The road to hell is paved with good intentions and I think Hitler had good intentions. Some white supremacist fella once relayed an epiphanous idea to me that I’ve retained which goes: in order to love, you must hate the thing that threatens what you love. Like, boom! I never thought about it like that before. In order to be filled with benevolence, you must also be filled with hate. So if you passionately love some particular idea, you’ll just as fervently oppose what threatens it and thereby become a tyrannical monster. I think that was what JP was alluding to. I think he called it the “mama bear syndrome” or something. Because the bear loves her cubs, you better look out!

If you’re not sure that you’d make a good leader, then you might be a good one (or maybe not).
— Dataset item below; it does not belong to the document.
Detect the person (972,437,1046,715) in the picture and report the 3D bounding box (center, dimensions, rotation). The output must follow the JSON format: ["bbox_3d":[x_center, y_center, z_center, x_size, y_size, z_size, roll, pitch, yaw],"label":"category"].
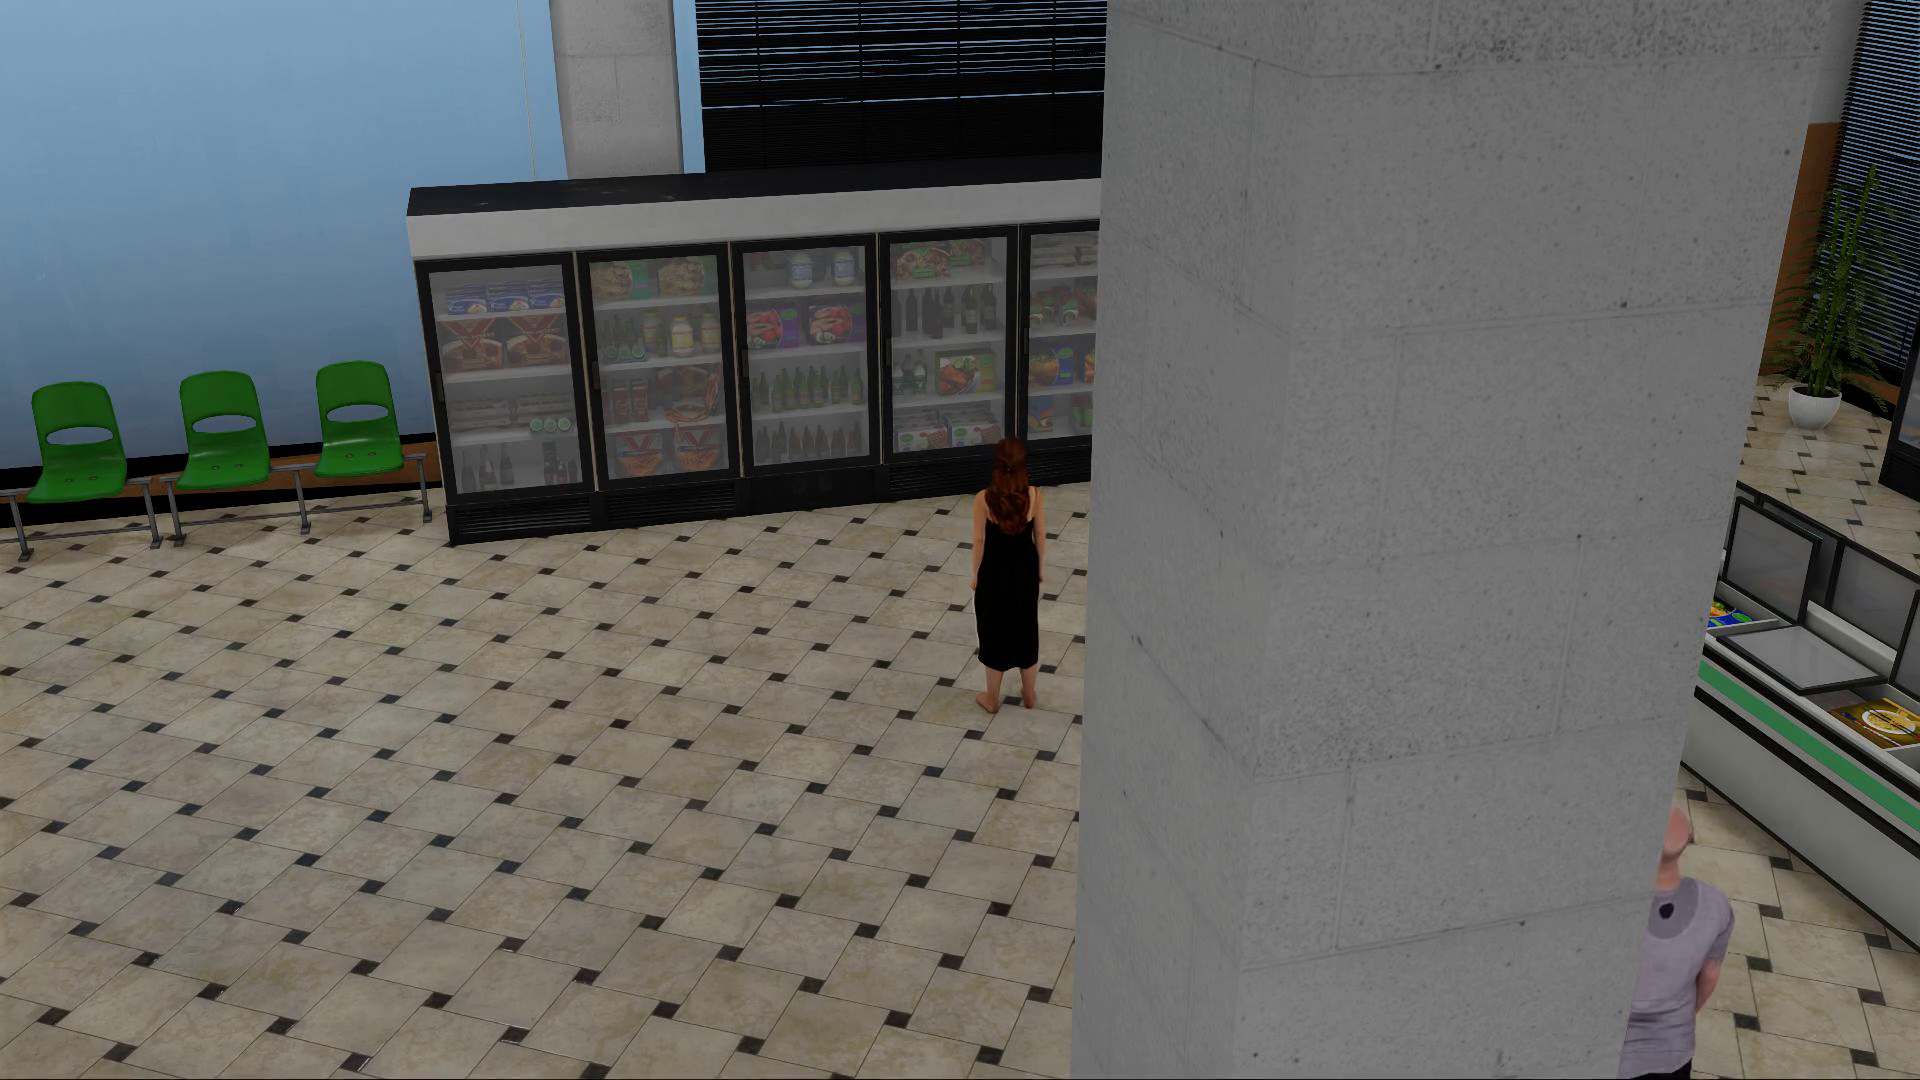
[{"bbox_3d":[0.266,0.197,9.124,0.555,1.625,0.561,-6,24,-13],"label":"person"}]

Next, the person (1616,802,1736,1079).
[{"bbox_3d":[2.226,1.718,5.451,0.997,1.784,1.328,3,24,6],"label":"person"}]

But if you’re sure you would, then you most certainly wouldn’t. ← I think that better captures what he meant to say.

I love this Ben Franklin bit :romance-heartstiny:

[i]Benjamin Franklin’s Final Speech in the Constitutional Convention
from the notes of James Madison

Mr. President:
I confess that I do not entirely approve of this Constitution at present, but Sir, I am not sure I shall never approve it: For having lived long, I have experienced many Instances of being oblig’d, by better Information or fuller Consideration, to change Opinions even on important Subjects, which I once thought right, but found to be otherwise. It is therefore that the older I grow the more apt I am to doubt my own Judgment, and to pay more Respect to the Judgment of others. Most Men indeed as well as most Sects in Religion, think themselves in Possession of all Truth, and that wherever others differ from them it is so far Error. Steele, a Protestant in a Dedication tells the Pope, that the only Difference between our two Churches in their Opinions of the Certainty of their Doctrine, is, the Romish Church is infallible, and the Church of England is never in the Wrong. But tho’ many private Persons think almost as highly of their own Infallibility, as of that of their Sect, few express it so naturally as a certain French Lady, who in a little Dispute with her Sister, said, I don’t know how it happens, Sister, but I meet with no body but myself that’s always in the right. Il n’y a que moi qui a toujours raison.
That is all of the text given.